Cosplay — we’re used to seeing it on Halloween, at comic conventions, and of course in the filthiest recesses of the internet. But while most cosplayers are content to just chill at conventions as Stormtrooper #8, some eccentric pioneers are trying to discover new ways to play their cos’es. They’re no heroes — they just dress like them.

8

Lottery Winners In China Accept Their Checks In Costume

In China, lottery winners have to appear in public to accept their giant novelty check. Many are uncomfortable doing so, as most people like to avoid letting every criminal and deadbeat cousin know they’re rich as fuck now. This results in some people who show up looking like a poltergeist in an L.L. Bean catalog:

via EgoTV
If you’ve ever wondered how Cobra Command makes their money.

But others decide to go a little crazier. After all, money’s about to become a non-issue for them. Case in point, one guy showed up as Baymax, the inflatable robot from Disney’s Big Hero 6. Either that or he’s cosplaying the Michelin Man after losing some weight.

via The Daily Dot
“I am Baymax, your personal healthcare companion. Please don’t rob me.”

Another lucky winner showed up as Mickey Mouse to collect his cheddar:

And two guys came dressed as those two Transformers trying to start up a Daft Punk cover band.

One person showed up in this baffling bear costume, which looks more like the love child of Pikachu and that blowjob-ghost from The Shining.

Though we must admit, our lives do feel richer knowing that, once upon a time, Winnie The Pooh’s meth-head cousin held a press conference to claim his gambling money.

And they say millionaires never do anything for the little people.

7

Batman And Robin Battled Spider-Man In An MMA Fight

It took longer than expected, but someone finally tried to put an end to the age-old playground debates of which superhero could kick which other superhero’s ass.

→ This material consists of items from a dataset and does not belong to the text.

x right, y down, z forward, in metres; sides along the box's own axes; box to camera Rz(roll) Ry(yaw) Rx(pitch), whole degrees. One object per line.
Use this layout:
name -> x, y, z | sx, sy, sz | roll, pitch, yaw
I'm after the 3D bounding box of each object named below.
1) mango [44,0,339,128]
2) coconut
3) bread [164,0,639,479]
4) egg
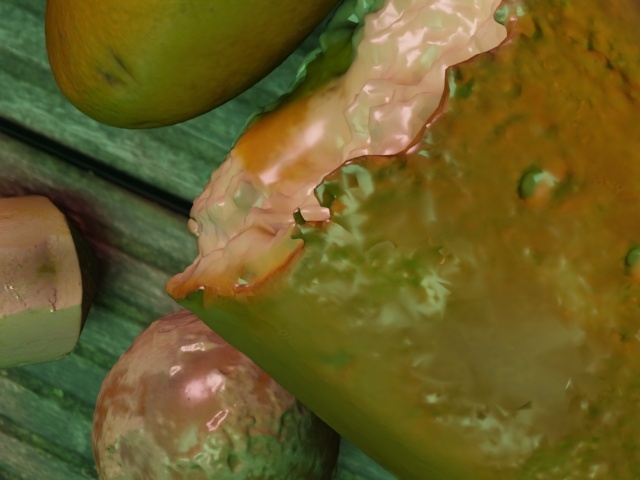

Recently, a superhero-themed MMA fight from the U.K was unearthed, showing a kickboxing match between a ’60s-style Batman and a molten action figure-style Spider-Man, and the result is less of an epic war between gods than a lackluster Halloween-themed Fight Club.

In the right corner, Batman — who, being a gentleman, doesn’t dip into his utility belt, but, less gentlemanly, did bring along his youthful ward to gang up on the web-slinger.

In the left, an alternate-dimension Peter Parker who kept on wrestling after Ben’s murder and is all in on kicking some serious billionaire ass —

— destroying the Dynamic Duo almost as badly as Joel Schumacher did.

Of course, it’s a pretty sad sight to see our beloved childhood heroes brawling like common pee-wee hockey parents — so it’s important to remember that all of this isn’t real, a fact that is abundantly clear by the time a half-dressed Riddler shows up to save Batman’s bacon.

6

A British Man Had A Costume-Filled Funeral

You know what’s really depressing at funerals? Everyone’s wearing black. In 2013, a Newcastle man overturned that depressing dress code by posthumously requesting that everyone come to the funeral in costume. Meaning Batman, Super Mario, and even some Imperial goons showed up to pay their respects.

Not to mention Fred Flinstone, a strip of bacon —

— and this guy …

… who is apparently a U.K. cereal mascot called the Honey Monster and definitely not a PCP hallucination willed into existence.

All of which led to a distinctly unique and memorable funeral — and presumably a waking nightmare for any intellectual property lawyers coming to pay their respects.

5

A Shop Owner Forced Teen Thieves To Dress Like The Flintstones

With the exception of forcing sports mascots to gyrate under a scorching sun for the audience’s apathy, costumes are usually not used as punishment. That wasn’t the case for the owner of World’s Best Comics And Toys, who dealt with a gang of shoplifters so hard it knocked them back to the Stone Age.

It all started when a group of teens stole a replica of Fred Flintstone’s car from the shop — either because they were big cartoon fans or they were so wasted they thought they’d just boosted a brand new Tesla. The culprits got remarkably far, seeing as their getaway car was powered by their feet, but were eventually thwarted by police. But in lieu of criminal charges, the teens accepted the store owner’s unorthodox alternative punishment, a long and humiliating ordeal that started with him uttering “Oh, so you like The Flintstones, do ya?”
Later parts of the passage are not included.